Established Upholstery Cleaning Manvel 77578
In the early 1960′s, another “new” system hit the market. Steam cleaning. The first point that should be cleared up is the word “steam.” A very unfortunate choice of words. While technically water is vapor, hence steam, anytime it is warmer than the surrounding atmosphere there really isn’t what we would call live steam.
Water does vaporize (steam) when it is warmer than ambient air, so the FTC in all its majesty decided we had to call them steam cleaners. Very misleading. Live or super-heated steam would ruin a carpet. The temperatures would be far beyond safe limits for any carpet dyes or heat set. Technically, this method should be described as hot water extraction.
Actually, steam cleaning systems, as hot water extractors, go back to the late 1700′s. The early 1900′s saw several systems that worked on the same principle. It was not until the 1960′s that it was refined sufficiently for general use. Again, the first workable “steam” cleaning units were in plants operated by cleaners.

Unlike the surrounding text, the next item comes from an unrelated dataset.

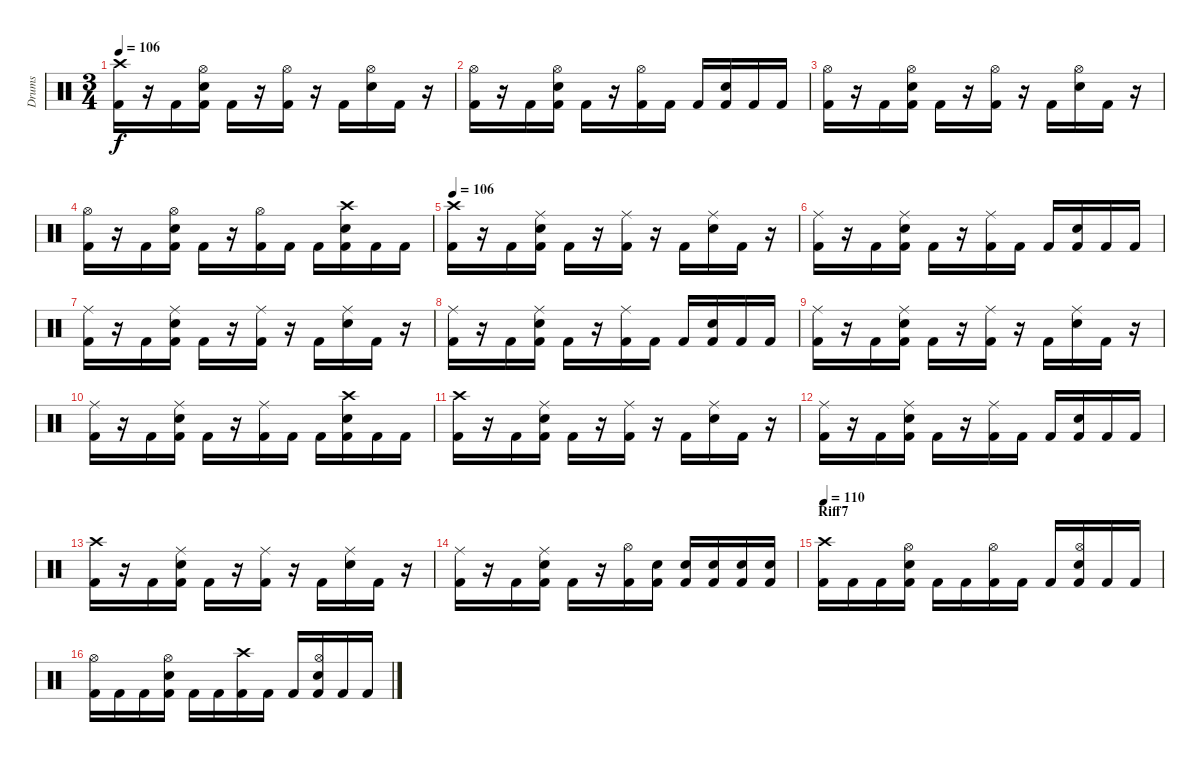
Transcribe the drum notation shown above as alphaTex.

The rebirth was in Southern California in a cleaning plant where the operator decided to make his unit portable, so he could take it to the home. Just as earlier equipment had been adapted to on location cleaning by making it portable. Evidently he wanted to keep this as an exclusive system, and be the only one in the country to offer steam cleaning in the home. Employees and coworkers who had used this method realized the profit potential. Some of them struck out on their own, and several units were offered to the carpet cleaning trade.
Each of these operators claimed patent rights, and either franchised their operations or attempted to. Several faults delayed acceptance by the established carpet cleaners. The first was price. Most of these units were very high priced. Fortunes were made as operators and manufacturers franchised these units to their customers, each with outrageous claims. Large franchise fees, high priced machines and a continuing high percentage of the operation were bound to limit the number of potential customers.

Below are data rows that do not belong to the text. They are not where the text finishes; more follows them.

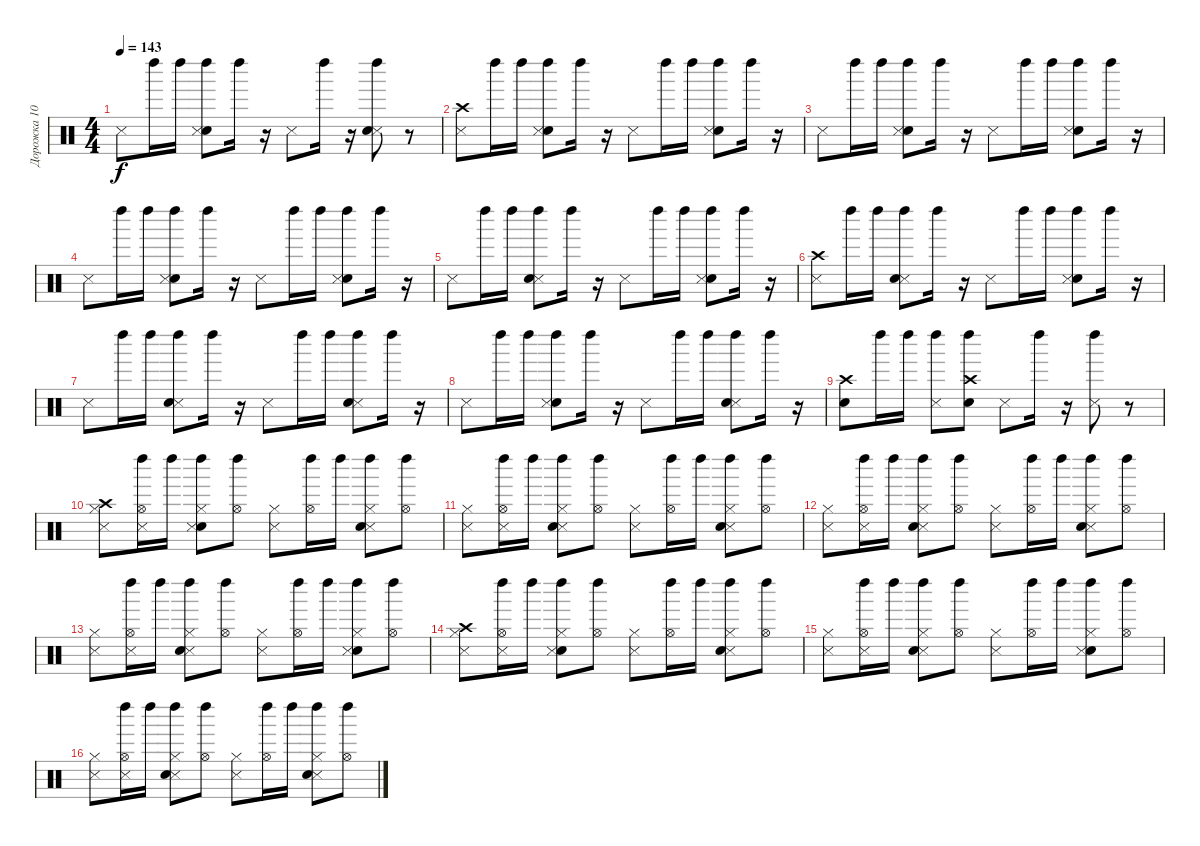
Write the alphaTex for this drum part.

\track ("Дорожка 10" "Дорожка 10") {instrument percussion}
\staff {score}
\articulation defaults
\ts (4 4)
\tempo 143
\clef neutral
\ks c "Metronome (hit)".8{dy f} "Left Maraca (hit)".16 "Left Maraca (hit)".16
("Electric Snare (hit)" "Metronome (hit)" "Left Maraca (hit)").8 "Left Maraca (hit)".16 r.16 "Metronome (hit)".8 "Left Maraca (hit)".16 r.16 ("Metronome (hit)" "Electric Snare (hit)" "Left Maraca (hit)").8 r.8 |
("Metronome (hit)" "Crash high (hit)").8 "Left Maraca (hit)".16 "Left Maraca (hit)".16 ("Electric Snare (hit)" "Metronome (hit)" "Left Maraca (hit)").8 "Left Maraca (hit)".16 r.16 "Metronome (hit)".8 "Left Maraca (hit)".16 "Left Maraca (hit)".16 ("Electric Snare (hit)" "Metronome (hit)" "Left Maraca (hit)").8 "Left Maraca (hit)".16 r.16 |
"Metronome (hit)".8 "Left Maraca (hit)".16 "Left Maraca (hit)".16 ("Electric Snare (hit)" "Metronome (hit)" "Left Maraca (hit)").8 "Left Maraca (hit)".16 r.16 "Metronome (hit)".8 "Left Maraca (hit)".16 "Left Maraca (hit)".16 ("Electric Snare (hit)" "Metronome (hit)" "Left Maraca (hit)").8 "Left Maraca (hit)".16 r.16 |
"Metronome (hit)".8 "Left Maraca (hit)".16 "Left Maraca (hit)".16 ("Electric Snare (hit)" "Metronome (hit)" "Left Maraca (hit)").8 "Left Maraca (hit)".16 r.16 "Metronome (hit)".8 "Left Maraca (hit)".16 "Left Maraca (hit)".16 ("Electric Snare (hit)" "Metronome (hit)" "Left Maraca (hit)").8 "Left Maraca (hit)".16 r.16 |
"Metronome (hit)".8 "Left Maraca (hit)".16 "Left Maraca (hit)".16 ("Metronome (hit)" "Electric Snare (hit)" "Left Maraca (hit)").8 "Left Maraca (hit)".16 r.16 "Metronome (hit)".8 "Left Maraca (hit)".16 "Left Maraca (hit)".16 ("Electric Snare (hit)" "Metronome (hit)" "Left Maraca (hit)").8 "Left Maraca (hit)".16 r.16 |
("Metronome (hit)" "Crash high (hit)").8 "Left Maraca (hit)".16 "Left Maraca (hit)".16 ("Metronome (hit)" "Electric Snare (hit)" "Left Maraca (hit)").8 "Left Maraca (hit)".16 r.16 "Metronome (hit)".8 "Left Maraca (hit)".16 "Left Maraca (hit)".16 ("Electric Snare (hit)" "Metronome (hit)" "Left Maraca (hit)").8 "Left Maraca (hit)".16 r.16 |
"Metronome (hit)".8 "Left Maraca (hit)".16 "Left Maraca (hit)".16 ("Metronome (hit)" "Electric Snare (hit)" "Left Maraca (hit)").8 "Left Maraca (hit)".16 r.16 "Metronome (hit)".8 "Left Maraca (hit)".16 "Left Maraca (hit)".16 ("Metronome (hit)" "Electric Snare (hit)" "Left Maraca (hit)").8 "Left Maraca (hit)".16 r.16 |
"Metronome (hit)".8 "Left Maraca (hit)".16 "Left Maraca (hit)".16 ("Electric Snare (hit)" "Metronome (hit)" "Left Maraca (hit)").8 "Left Maraca (hit)".16 r.16 "Metronome (hit)".8 "Left Maraca (hit)".16 "Left Maraca (hit)".16 ("Metronome (hit)" "Electric Snare (hit)" "Left Maraca (hit)").8 "Left Maraca (hit)".16 r.16 |
("Electric Snare (hit)" "Crash high (hit)").8 "Left Maraca (hit)".16 "Left Maraca (hit)".16 ("Metronome (hit)" "Left Maraca (hit)").8 ("Electric Snare (hit)" "Crash high (hit)" "Left Maraca (hit)").8 "Metronome (hit)".8 "Left Maraca (hit)".16 r.16 ("Metronome (hit)" "Left Maraca (hit)").8 r.8 |
("Metronome (hit)" "Crash high (hit)" "Hi-Hat (closed)").8 ("Metronome (hit)" "Hi-Hat (open)" "Left Maraca (hit)").16 "Left Maraca (hit)".16 ("Electric Snare (hit)" "Metronome (hit)" "Hi-Hat (closed)" "Left Maraca (hit)").8 ("Hi-Hat (open)" "Left Maraca (hit)").8 ("Metronome (hit)" "Hi-Hat (closed)").8 ("Hi-Hat (open)" "Left Maraca (hit)").16 "Left Maraca (hit)".16 ("Metronome (hit)" "Electric Snare (hit)" "Hi-Hat (closed)" "Left Maraca (hit)").8 ("Hi-Hat (open)" "Left Maraca (hit)").8 |
("Metronome (hit)" "Hi-Hat (closed)").8 ("Metronome (hit)" "Hi-Hat (open)" "Left Maraca (hit)").16 "Left Maraca (hit)".16 ("Metronome (hit)" "Electric Snare (hit)" "Hi-Hat (closed)" "Left Maraca (hit)").8 ("Hi-Hat (open)" "Left Maraca (hit)").8 ("Metronome (hit)" "Hi-Hat (closed)").8 ("Hi-Hat (open)" "Left Maraca (hit)").16 "Left Maraca (hit)".16 ("Metronome (hit)" "Electric Snare (hit)" "Hi-Hat (closed)" "Left Maraca (hit)").8 ("Hi-Hat (open)" "Left Maraca (hit)").8 |
("Metronome (hit)" "Hi-Hat (closed)").8 ("Metronome (hit)" "Hi-Hat (open)" "Left Maraca (hit)").16 "Left Maraca (hit)".16 ("Metronome (hit)" "Electric Snare (hit)" "Hi-Hat (closed)" "Left Maraca (hit)").8 ("Hi-Hat (open)" "Left Maraca (hit)").8 ("Metronome (hit)" "Hi-Hat (closed)").8 ("Hi-Hat (open)" "Left Maraca (hit)").16 "Left Maraca (hit)".16 ("Metronome (hit)" "Electric Snare (hit)" "Hi-Hat (closed)" "Left Maraca (hit)").8 ("Hi-Hat (open)" "Left Maraca (hit)").8 |
("Metronome (hit)" "Hi-Hat (closed)").8 ("Metronome (hit)" "Hi-Hat (open)" "Left Maraca (hit)").16 "Left Maraca (hit)".16 ("Metronome (hit)" "Electric Snare (hit)" "Hi-Hat (closed)" "Left Maraca (hit)").8 ("Hi-Hat (open)" "Left Maraca (hit)").8 ("Metronome (hit)" "Hi-Hat (closed)").8 ("Hi-Hat (open)" "Left Maraca (hit)").16 "Left Maraca (hit)".16 ("Electric Snare (hit)" "Metronome (hit)" "Hi-Hat (closed)" "Left Maraca (hit)").8 ("Hi-Hat (open)" "Left Maraca (hit)").8 |
("Metronome (hit)" "Crash high (hit)" "Hi-Hat (closed)").8 ("Metronome (hit)" "Hi-Hat (open)" "Left Maraca (hit)").16 "Left Maraca (hit)".16 ("Electric Snare (hit)" "Metronome (hit)" "Hi-Hat (closed)" "Left Maraca (hit)").8 ("Hi-Hat (open)" "Left Maraca (hit)").8 ("Metronome (hit)" "Hi-Hat (closed)").8 ("Hi-Hat (open)" "Left Maraca (hit)").16 "Left Maraca (hit)".16 ("Metronome (hit)" "Electric Snare (hit)" "Hi-Hat (closed)" "Left Maraca (hit)").8 ("Hi-Hat (open)" "Left Maraca (hit)").8 |
("Metronome (hit)" "Hi-Hat (closed)").8 ("Metronome (hit)" "Hi-Hat (open)" "Left Maraca (hit)").16 "Left Maraca (hit)".16 ("Metronome (hit)" "Electric Snare (hit)" "Hi-Hat (closed)" "Left Maraca (hit)").8 ("Hi-Hat (open)" "Left Maraca (hit)").8 ("Metronome (hit)" "Hi-Hat (closed)").8 ("Hi-Hat (open)" "Left Maraca (hit)").16 "Left Maraca (hit)".16 ("Electric Snare (hit)" "Metronome (hit)" "Hi-Hat (closed)" "Left Maraca (hit)").8 ("Hi-Hat (open)" "Left Maraca (hit)").8 |
("Metronome (hit)" "Hi-Hat (closed)").8 ("Metronome (hit)" "Hi-Hat (open)" "Left Maraca (hit)").16 "Left Maraca (hit)".16 ("Metronome (hit)" "Electric Snare (hit)" "Hi-Hat (closed)" "Left Maraca (hit)").8 ("Hi-Hat (open)" "Left Maraca (hit)").8 ("Metronome (hit)" "Hi-Hat (closed)").8 ("Hi-Hat (open)" "Left Maraca (hit)").16 "Left Maraca (hit)".16 ("Metronome (hit)" "Electric Snare (hit)" "Hi-Hat (closed)" "Left Maraca (hit)").8 ("Hi-Hat (open)" "Left Maraca (hit)").8

Once again, the established carpet cleaner was reluctant to accept anything new or different. Most of the marketing and advertising claims for these machines were grossly exaggerated, if not outright falsehoods. This led the builders of these fabricated units to go to the untrained and unqualified to sell their wares.
There was no established technology, or state of the art, so most of the machines were not all that good a buy at any price. Not knowing any better, the purchasers of these new machines flooded the yellow pages and newspapers with ads wildly written, making all sorts of crazy claims. Many of these ads intimated that the established cleaner was in reality a thief, doing great harm to the carpets with his old scrubber or foamer.